SECTION: Earth Science
SCIENTIFIC ORGANIZATION:
Russian State Hydrometeorological University
REPORT FORM:
«Oral report»
AUTHOR(S)
OF THE REPORT:
Chapron B., Kudryavtsev V.N., Karlin L.N.
SPEAKER:
Chapron B.
REPORT TITLE:
Ocean from Space progress and challenges
TALKING POINTS:

Over the past few years, emerging new analysis capabilities from passive and active microwave observations of the ocean from space have already been demonstrated. At the same time ambitious investigations can further dwell on the first demonstrations to test how much an advanced radio-physical approach will help unveil more precisely the dynamics of the ocean-atmosphere couplings. Routinely available satellite observations offer new means to analyze and best exploit the differing electromagnetic wavelength and polarization sensitivity. This diversity opens new strategies, not restricted to one particular observing system, to develop, evolve, implement and validate more elaborated and dedicated Geophysical Model Function to retrieve key ocean surface information.
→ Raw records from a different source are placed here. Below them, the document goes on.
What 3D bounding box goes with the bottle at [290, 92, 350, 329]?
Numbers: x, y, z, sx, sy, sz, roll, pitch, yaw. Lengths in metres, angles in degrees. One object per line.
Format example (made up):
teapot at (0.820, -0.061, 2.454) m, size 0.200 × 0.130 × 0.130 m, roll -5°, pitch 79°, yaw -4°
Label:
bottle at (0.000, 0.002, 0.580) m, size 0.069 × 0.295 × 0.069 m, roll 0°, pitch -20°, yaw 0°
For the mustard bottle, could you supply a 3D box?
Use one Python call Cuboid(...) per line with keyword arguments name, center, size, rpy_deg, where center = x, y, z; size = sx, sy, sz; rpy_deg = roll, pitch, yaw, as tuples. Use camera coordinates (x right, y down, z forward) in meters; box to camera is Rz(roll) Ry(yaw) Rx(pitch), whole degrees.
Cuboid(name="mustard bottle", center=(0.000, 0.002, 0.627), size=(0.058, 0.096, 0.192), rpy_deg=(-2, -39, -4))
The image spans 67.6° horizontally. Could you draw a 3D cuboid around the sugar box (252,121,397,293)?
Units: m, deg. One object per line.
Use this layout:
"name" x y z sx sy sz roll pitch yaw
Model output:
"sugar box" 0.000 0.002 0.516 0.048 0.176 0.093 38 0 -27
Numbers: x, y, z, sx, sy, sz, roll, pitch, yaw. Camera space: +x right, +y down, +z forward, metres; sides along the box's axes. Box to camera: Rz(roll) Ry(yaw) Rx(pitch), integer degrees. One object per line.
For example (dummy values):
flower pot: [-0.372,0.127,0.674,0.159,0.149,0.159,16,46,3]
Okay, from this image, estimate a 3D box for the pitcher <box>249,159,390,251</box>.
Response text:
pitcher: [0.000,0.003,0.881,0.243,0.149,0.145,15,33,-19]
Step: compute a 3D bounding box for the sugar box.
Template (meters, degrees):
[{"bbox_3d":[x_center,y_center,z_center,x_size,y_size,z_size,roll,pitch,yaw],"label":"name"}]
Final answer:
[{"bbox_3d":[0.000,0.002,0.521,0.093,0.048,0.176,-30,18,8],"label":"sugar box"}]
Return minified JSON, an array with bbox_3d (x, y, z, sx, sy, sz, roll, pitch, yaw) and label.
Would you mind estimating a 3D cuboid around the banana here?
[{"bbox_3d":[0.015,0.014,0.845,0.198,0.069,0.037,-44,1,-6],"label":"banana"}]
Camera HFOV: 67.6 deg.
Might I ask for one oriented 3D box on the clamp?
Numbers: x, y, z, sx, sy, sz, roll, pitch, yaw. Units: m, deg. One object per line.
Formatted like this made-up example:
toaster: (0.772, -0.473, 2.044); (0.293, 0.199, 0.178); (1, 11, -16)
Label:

These developments shall build on the existing archived measurements, but will essentially address sensors on-board new operating and near-future planning satellite platforms such as Synthetic Aperture Radar (SAR) on satellites Sentinel-1 and RADARSAT-2, passive microwave radiometers AMSR2 and SSMIS on satellites GCOM-W1 and DMSP, microwave radiometer on SMOS, microwave passive/active on TRMM, AQUARIUS and future SMAP, scatterometer ASCAT on satellites Metop-A, B, the planned CNES SWIM Ku-band rotating real aperture instrument (SWIM), and the NASA Dual Frequency (Ku-band, Ka-band) Scatterometer (DFS/ERM) mission, which might further contribute to a new era in monitoring of global ocean surface wind, waves, and currents.